Cavia (o porcellino d’India): tutto quello che c’è da sapere su questo piccolo mammifero

Cavia (o porcellino d’India): tutto quello che c’è da sapere su questo piccolo mammifero

Affettuoso, calmo e facile da addomesticare, il porcellino d’India, chiamato anche cavia, è un compagno ideale, a condizione di conoscerne bene le necessità! Originario dell’America del Sud, questo piccolo roditore ha esigenze precise in materia di alimentazione, habitat e cure. Se questi bisogni non sono compresi correttamente, può sviluppare rapidamente disturbi digestivi, dentali o comportamentali. Francodex ti aiuta a offrire al tuo nuovo animale da compagnia una vita sana e felice.

 

Mi prendo cura del mio porcellino d’India

Scheda d’identità del porcellino d’India (cavia)

Per iniziare, ecco un riassunto delle principali caratteristiche fisiche, morfologiche, biologiche e comportamentali del porcellino d’India, o cavia.

Nome comune

Cavia

Altre denominazioni

Porcellino d’India o Cuy

Nome scientifico

Cavia porcellus

Classificazione

Mammifero

Famiglia

Caviidi

Origine

Addomesticato nelle Ande, a partire dalla specie selvatica andina Cavia tschudii. Importato in Europa intorno al 1670.

Alimentazione

Roditore erbivoro stretto

Peso e taglia adulta

Tra 800 e 1200 g (Cuy gigante maschio fino a 2 kg). 11 – 30 cm a seconda dell'individuo.

Maturità sessuale

2 mesi per le femmine; 3 mesi per i maschi

Tempo di gestazione

Da 65 a 68 giorni con una media di 3 piccoli (tra 1 e 5)

Durata dello svezzamento

Tra 4 e 6 settimane

Longevità

Tra 5 e 6 anni in media

Periodo di attività

Diurno

Temperatura/cardiaca

Temperatura: 37-39 °C; Ritmo cardiaco: +/- 250 bpm; Respirazione: circa 100/min

Comportamento

Animale sociale, gregario e neofobo. Comunicazione tramite versi e squittii.

Sensi dominanti

Eccellente olfatto (organo vomeronasale). Anche se non vede bene davanti a sé, la cavia possiede un campo visivo ampio in sfumature di grigio, ideale per avvistare i predatori.

Particolarità dentale

Incisivi a crescita continua. Rischio di malocclusioni.

 

Animale nidifugo, i cuccioli di cavia sono adulti in miniatura che nascono con il pelo e gli occhi aperti. Diventano rapidamente molto intraprendenti.

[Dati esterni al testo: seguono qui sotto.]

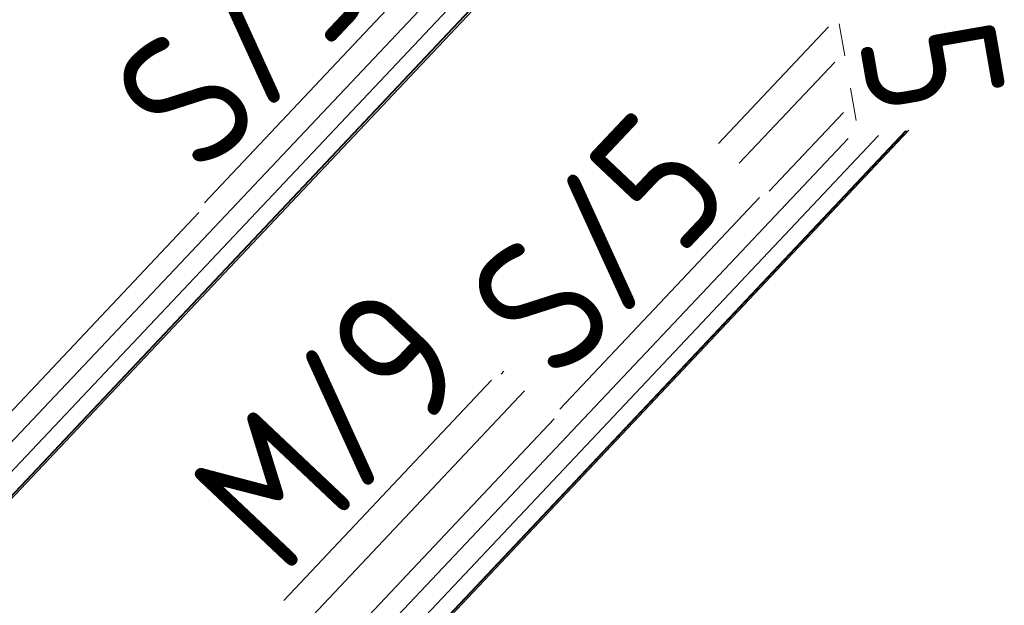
# Model space of a CAD drawing. Header units: millimetres. Extents: x -681 to 506, y -45 to 794.
# Tile 140 of 256: x -191 to -155, y 428 to 449. Entities that reach past the tile are written whole.
import ezdxf

# ---------------------------------------------------------------- set-up
doc = ezdxf.new("R2010")
doc.units = ezdxf.units.MM
doc.header["$LTSCALE"] = 0.6
doc.linetypes.add('XKITLINE00', pattern=[0])
doc.linetypes.add('XKITLINE02', pattern=[4, 2, -2])
doc.layers.add('Part', color=2, linetype='Continuous', lineweight=0)
doc.layers.add('PartMark', color=3, linetype='Continuous', lineweight=0)
doc.styles.add('ISOCPEUR', font='ISOCPEUR.TTF')

msp = doc.modelspace()

# ---------------------------------------------------------------- linework, layer by layer
at = {"layer": 'Part', "color": 2, "linetype": 'XKITLINE00', "lineweight": 0}
for p, q in [((-199.708, 425.035), (-160.511, 466.555)), ((-160.902, 465.059), (-200.099, 423.539)), ((-160.301, 464.823), (-199.497, 423.303)), ((-160.282, 464.812), (-199.478, 423.292)), ((-196.511, 426.354), (-164.231, 460.547)), ((-165.705, 444.551), (-161.675, 448.82)), ((-164.945, 443.833), (-161.452, 447.533)), ((-161.132, 445.695), (-163.858, 442.807)), ((-159.85, 444.844), (-187.091, 415.988)), ((-158.863, 445.016), (-186.489, 415.752)), ((-158.828, 445.022), (-186.47, 415.741)), ((-183.503, 418.803), (-158.736, 445.038)), ((-186.7, 417.484), (-160.966, 444.743)), ((-184.728, 442.03), (-200.395, 425.435)), ((-173.665, 436.12), (-173.567, 436.223)), ((-185.856, 421.682), (-172.807, 435.505)), ((-171.72, 434.479), (-187.387, 417.883))]:
    msp.add_line(p, q, dxfattribs=at)
at = {"layer": 'PartMark', "color": 1, "linetype": 'XKITLINE02', "lineweight": 0}
msp.add_line((-162.525, 456.034), (-160.625, 445.115), dxfattribs=at)
at = {"layer": 'PartMark', "color": 1, "linetype": 'XKITLINE00', "lineweight": 0}
for p, q in [((-184.526, 442.39), (-177.213, 450.136)), ((-171.518, 434.839), (-164.205, 442.585)), ((-181.62, 427.838), (-174.012, 435.897))]:
    msp.add_line(p, q, dxfattribs=at)

# ---------------------------------------------------------------- texts
at = {"layer": 'PartMark', "color": 1, "style": 'ISOCPEUR', "width": 0.85}
for s, rotation, p in [('M/5', -80.1224, (-161.831, 455.545)), ('S/5', 46.6502, (-184.551, 443.238)), ('S/5', 46.6502, (-171.543, 435.687)), ('M/9', 46.6502, (-181.644, 428.687))]:
    msp.add_text(s, height=5, rotation=rotation, dxfattribs=at).set_placement(p)

doc.saveas('drawing.dxf')

Esistono diverse varietà di cavie:

  • cavie a pelo liscio;
  • cavie inglesi, con una corona;
  • porcellini d’India a rosette e abissini;
  • cavie rex;
  • cavie a pelo lungo (Peruviana, Sheltie);
  • porcellini d’India Texel;
  • cavie nude, senza pelo.

Differenze tra porcellino d’India, cavia e criceto:

"cavia" e "porcellino d’India" indicano lo stesso animale, Cavia porcellus. Il termine "cavia" è più scientifico, mentre "porcellino d’India" deriva dalla somiglianza dei suoi squittii con quelli del maiale e da un malinteso sul nome del territorio in cui è stato scoperto (in America e non in India come pensava Cristoforo Colombo). Al contrario, il criceto è un’altra specie di roditore, più piccolo, notturno e solitario. Le loro esigenze sono molto diverse.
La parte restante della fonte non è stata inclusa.